──────── GIVEN DATA ────────

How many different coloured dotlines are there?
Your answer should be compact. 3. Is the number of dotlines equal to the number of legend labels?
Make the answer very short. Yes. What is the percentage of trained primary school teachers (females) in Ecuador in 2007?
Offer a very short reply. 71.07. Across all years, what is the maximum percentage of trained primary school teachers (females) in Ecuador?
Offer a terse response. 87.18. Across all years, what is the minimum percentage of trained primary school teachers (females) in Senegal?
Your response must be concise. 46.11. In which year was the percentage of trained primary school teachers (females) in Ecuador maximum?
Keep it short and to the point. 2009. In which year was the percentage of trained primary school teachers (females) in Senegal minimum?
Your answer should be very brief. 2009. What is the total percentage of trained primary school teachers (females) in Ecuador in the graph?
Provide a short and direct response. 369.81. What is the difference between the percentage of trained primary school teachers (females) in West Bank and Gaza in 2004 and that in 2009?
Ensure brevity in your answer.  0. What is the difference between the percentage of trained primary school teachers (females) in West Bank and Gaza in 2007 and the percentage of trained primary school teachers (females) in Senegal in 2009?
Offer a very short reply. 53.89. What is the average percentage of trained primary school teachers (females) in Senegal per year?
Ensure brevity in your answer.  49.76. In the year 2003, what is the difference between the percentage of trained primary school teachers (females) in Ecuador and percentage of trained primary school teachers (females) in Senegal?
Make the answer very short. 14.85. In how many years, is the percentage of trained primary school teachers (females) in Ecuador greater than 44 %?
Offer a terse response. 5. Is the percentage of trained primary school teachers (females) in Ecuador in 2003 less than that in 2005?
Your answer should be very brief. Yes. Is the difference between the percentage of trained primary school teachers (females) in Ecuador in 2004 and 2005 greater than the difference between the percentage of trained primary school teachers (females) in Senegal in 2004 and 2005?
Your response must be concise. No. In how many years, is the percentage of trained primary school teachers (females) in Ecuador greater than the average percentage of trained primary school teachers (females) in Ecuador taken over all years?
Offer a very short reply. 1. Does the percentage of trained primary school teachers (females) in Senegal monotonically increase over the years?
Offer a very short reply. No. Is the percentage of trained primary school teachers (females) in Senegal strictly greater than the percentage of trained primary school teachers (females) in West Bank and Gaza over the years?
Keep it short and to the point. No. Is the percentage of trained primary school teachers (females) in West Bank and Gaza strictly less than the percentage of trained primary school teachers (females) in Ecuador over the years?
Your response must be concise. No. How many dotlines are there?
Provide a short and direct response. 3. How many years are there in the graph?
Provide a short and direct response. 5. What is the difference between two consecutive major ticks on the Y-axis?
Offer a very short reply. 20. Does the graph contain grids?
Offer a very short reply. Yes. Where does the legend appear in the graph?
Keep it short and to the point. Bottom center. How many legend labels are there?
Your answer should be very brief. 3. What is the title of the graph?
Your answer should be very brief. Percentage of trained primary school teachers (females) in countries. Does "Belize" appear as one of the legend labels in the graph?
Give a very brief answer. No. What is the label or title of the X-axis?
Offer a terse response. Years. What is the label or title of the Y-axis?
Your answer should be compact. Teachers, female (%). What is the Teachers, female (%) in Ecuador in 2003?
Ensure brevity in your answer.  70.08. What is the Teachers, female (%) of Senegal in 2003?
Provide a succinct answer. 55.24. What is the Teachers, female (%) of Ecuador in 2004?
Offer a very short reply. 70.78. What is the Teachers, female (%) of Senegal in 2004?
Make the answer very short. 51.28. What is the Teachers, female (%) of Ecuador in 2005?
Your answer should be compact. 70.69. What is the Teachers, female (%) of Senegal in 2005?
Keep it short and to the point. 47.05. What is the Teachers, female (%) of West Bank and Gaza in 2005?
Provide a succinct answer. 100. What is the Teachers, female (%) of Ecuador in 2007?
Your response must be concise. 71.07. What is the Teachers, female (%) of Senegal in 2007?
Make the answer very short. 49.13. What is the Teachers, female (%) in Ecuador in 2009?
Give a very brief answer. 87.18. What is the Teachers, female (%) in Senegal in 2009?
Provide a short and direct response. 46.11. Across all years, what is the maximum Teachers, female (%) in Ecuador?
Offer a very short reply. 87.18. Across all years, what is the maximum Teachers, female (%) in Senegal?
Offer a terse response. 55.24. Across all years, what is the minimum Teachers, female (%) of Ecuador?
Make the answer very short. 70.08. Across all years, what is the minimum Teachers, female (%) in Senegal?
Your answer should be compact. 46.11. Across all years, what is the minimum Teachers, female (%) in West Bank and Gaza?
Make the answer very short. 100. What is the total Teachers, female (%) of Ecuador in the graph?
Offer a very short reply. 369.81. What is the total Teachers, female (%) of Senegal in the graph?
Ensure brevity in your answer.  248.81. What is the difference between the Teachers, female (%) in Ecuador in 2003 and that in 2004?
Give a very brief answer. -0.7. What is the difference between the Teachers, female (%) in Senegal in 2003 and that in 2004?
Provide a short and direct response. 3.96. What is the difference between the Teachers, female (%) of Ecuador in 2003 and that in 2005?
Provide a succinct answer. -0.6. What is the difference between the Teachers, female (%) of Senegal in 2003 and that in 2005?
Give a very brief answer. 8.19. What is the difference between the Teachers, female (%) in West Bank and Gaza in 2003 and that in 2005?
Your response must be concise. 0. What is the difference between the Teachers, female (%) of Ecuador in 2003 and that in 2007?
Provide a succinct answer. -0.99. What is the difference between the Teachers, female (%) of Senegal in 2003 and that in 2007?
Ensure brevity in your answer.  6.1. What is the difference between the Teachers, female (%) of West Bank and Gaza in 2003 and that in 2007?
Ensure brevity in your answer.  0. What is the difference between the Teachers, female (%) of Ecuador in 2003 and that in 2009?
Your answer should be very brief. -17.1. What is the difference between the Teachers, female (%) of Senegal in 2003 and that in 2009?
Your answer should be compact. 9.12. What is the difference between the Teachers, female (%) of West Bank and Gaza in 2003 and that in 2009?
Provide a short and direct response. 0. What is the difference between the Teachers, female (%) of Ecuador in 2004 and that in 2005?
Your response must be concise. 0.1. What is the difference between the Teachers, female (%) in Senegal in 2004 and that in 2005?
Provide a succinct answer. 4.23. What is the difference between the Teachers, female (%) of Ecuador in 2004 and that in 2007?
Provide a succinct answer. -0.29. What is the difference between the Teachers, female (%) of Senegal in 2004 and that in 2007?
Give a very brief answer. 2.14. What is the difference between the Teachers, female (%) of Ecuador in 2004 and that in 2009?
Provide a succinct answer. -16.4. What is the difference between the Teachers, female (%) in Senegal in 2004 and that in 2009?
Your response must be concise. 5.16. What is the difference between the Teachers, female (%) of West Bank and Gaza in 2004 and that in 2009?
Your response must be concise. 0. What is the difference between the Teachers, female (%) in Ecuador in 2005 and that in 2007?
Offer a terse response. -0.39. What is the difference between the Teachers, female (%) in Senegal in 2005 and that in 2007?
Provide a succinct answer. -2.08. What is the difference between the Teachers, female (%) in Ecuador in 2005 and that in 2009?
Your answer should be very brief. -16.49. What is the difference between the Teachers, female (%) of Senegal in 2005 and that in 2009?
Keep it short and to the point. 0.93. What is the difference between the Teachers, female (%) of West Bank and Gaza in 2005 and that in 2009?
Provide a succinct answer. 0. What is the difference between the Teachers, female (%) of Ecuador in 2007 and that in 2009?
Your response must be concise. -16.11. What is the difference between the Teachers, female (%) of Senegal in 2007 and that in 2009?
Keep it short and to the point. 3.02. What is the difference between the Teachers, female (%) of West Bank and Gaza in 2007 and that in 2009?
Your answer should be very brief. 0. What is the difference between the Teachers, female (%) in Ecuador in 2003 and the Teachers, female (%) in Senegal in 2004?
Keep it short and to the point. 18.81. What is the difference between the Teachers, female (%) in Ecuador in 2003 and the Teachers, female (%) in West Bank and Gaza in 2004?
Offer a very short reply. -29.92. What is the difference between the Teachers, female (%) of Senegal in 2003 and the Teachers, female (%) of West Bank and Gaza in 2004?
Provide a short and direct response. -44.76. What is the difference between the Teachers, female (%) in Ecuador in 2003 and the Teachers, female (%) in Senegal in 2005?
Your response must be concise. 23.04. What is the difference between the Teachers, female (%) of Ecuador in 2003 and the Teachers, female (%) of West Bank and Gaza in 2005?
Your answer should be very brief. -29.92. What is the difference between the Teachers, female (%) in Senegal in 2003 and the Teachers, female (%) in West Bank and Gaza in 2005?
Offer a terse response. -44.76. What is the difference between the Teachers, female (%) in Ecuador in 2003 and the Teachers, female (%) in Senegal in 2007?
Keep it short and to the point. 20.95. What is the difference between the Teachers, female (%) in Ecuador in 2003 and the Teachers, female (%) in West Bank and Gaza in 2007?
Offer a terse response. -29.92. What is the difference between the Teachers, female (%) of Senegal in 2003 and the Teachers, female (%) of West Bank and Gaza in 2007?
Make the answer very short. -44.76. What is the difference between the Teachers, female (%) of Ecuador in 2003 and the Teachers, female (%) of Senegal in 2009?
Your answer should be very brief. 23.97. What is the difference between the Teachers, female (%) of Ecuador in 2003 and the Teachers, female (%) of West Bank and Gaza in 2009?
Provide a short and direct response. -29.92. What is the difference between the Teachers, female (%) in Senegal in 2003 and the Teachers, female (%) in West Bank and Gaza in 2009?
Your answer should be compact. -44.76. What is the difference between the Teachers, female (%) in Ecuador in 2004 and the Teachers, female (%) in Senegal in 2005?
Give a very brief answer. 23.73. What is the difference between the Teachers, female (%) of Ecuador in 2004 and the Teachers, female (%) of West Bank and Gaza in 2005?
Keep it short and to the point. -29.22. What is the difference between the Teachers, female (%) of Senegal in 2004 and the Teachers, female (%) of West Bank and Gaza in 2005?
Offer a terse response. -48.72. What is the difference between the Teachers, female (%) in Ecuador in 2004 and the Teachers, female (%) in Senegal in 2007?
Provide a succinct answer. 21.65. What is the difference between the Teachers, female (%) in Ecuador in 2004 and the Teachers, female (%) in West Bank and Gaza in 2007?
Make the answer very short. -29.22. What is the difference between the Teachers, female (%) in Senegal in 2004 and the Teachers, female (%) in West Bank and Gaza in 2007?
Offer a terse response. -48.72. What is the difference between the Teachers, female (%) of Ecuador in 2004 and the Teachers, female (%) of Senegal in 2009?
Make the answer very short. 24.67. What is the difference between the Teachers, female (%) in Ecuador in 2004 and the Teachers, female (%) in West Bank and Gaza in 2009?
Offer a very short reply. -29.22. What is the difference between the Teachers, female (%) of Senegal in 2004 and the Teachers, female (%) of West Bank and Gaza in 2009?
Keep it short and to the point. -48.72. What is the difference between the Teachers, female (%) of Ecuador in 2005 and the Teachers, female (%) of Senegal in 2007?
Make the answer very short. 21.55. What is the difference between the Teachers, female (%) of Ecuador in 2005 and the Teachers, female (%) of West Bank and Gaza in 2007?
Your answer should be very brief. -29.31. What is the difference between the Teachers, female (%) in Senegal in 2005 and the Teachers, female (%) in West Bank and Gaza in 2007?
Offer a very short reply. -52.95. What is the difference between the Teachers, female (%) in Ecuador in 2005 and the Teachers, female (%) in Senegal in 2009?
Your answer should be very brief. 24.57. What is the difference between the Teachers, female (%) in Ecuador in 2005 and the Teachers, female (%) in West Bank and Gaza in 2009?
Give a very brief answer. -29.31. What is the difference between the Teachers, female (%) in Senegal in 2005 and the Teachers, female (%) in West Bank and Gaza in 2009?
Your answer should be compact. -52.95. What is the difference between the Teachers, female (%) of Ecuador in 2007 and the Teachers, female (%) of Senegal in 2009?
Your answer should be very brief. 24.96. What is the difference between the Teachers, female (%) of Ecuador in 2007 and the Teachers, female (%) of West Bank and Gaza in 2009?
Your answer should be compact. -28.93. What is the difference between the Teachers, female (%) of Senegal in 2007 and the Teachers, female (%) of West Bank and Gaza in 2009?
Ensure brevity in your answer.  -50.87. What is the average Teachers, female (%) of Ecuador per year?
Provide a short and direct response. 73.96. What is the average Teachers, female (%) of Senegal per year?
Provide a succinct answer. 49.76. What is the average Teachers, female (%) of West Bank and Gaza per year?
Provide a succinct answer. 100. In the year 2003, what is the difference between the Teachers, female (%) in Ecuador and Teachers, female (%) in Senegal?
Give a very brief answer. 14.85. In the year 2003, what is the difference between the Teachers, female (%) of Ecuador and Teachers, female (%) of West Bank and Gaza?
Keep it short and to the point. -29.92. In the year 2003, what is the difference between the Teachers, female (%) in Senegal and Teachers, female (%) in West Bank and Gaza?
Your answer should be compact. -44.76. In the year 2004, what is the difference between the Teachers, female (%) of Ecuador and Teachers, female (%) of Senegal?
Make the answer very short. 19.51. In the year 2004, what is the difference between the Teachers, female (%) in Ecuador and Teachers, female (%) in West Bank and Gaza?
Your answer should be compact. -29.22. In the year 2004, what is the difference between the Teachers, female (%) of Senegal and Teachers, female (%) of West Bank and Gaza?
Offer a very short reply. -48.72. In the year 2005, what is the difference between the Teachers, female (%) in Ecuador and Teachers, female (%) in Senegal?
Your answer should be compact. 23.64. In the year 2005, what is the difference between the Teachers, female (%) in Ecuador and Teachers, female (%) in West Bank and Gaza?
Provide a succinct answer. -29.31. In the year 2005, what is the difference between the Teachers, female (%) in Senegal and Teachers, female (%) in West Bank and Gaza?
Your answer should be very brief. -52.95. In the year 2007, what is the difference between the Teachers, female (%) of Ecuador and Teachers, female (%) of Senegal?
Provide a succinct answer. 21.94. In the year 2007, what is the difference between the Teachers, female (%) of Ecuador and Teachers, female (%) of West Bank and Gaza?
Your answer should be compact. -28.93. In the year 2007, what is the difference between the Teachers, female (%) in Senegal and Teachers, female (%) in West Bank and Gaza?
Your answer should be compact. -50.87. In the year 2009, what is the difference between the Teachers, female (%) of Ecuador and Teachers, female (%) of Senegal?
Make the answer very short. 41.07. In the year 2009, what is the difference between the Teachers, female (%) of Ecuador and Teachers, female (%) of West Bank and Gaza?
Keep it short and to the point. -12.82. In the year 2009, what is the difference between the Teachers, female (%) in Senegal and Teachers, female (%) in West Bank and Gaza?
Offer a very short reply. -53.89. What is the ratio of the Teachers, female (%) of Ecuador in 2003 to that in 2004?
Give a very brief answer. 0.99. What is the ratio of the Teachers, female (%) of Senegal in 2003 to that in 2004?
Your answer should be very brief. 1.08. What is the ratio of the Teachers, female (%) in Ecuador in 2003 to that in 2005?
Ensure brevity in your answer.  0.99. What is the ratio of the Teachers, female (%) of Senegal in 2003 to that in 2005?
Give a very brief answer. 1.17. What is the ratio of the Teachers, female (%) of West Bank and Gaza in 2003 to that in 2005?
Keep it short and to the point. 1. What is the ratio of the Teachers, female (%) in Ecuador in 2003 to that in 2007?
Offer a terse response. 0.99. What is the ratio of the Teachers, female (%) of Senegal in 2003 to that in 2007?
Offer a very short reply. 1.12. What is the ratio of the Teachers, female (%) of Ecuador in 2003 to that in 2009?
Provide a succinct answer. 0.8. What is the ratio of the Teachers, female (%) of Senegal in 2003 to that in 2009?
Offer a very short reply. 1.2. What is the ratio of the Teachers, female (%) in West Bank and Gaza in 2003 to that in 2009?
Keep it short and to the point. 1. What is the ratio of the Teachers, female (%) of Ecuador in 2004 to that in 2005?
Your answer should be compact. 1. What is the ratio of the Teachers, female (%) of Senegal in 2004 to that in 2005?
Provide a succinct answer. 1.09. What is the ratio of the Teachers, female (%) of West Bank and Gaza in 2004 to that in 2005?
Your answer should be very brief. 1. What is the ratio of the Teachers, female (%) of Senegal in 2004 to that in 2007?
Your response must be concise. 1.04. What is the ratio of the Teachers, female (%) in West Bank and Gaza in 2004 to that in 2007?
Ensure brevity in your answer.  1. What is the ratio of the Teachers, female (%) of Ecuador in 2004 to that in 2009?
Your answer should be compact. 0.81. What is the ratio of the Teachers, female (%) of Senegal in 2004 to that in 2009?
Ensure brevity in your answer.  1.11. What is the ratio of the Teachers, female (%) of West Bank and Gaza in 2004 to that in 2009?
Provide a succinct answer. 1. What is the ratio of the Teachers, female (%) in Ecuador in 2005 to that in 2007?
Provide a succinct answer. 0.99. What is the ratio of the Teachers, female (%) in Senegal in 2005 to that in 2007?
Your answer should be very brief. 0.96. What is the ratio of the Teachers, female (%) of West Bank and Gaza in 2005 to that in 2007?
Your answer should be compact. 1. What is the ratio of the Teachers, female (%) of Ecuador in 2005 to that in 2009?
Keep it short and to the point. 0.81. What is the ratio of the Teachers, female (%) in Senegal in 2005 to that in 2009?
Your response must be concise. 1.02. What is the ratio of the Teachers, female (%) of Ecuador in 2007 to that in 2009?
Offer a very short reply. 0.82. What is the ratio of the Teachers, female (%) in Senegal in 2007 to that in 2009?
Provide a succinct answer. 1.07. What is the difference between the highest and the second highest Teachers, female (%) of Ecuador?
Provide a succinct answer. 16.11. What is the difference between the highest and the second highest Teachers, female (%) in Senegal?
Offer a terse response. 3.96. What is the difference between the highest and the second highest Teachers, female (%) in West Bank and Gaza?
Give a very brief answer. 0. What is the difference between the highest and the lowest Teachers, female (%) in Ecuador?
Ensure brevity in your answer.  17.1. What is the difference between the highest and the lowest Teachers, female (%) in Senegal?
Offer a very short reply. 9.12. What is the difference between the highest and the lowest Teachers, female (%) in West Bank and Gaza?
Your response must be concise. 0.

────────

Which of the lines in the listing above include "than"? Report each of them.

SOLUTION TO THIS PROBLEM:
Make the answer very short. 14.85. In how many years, is the percentage of trained primary school teachers (females) in Ecuador greater than 44 %?
Offer a terse response. 5. Is the percentage of trained primary school teachers (females) in Ecuador in 2003 less than that in 2005?
Your answer should be very brief. Yes. Is the difference between the percentage of trained primary school teachers (females) in Ecuador in 2004 and 2005 greater than the difference between the percentage of trained primary school teachers (females) in Senegal in 2004 and 2005?
Your response must be concise. No. In how many years, is the percentage of trained primary school teachers (females) in Ecuador greater than the average percentage of trained primary school teachers (females) in Ecuador taken over all years?
Offer a very short reply. No. Is the percentage of trained primary school teachers (females) in Senegal strictly greater than the percentage of trained primary school teachers (females) in West Bank and Gaza over the years?
Keep it short and to the point. No. Is the percentage of trained primary school teachers (females) in West Bank and Gaza strictly less than the percentage of trained primary school teachers (females) in Ecuador over the years?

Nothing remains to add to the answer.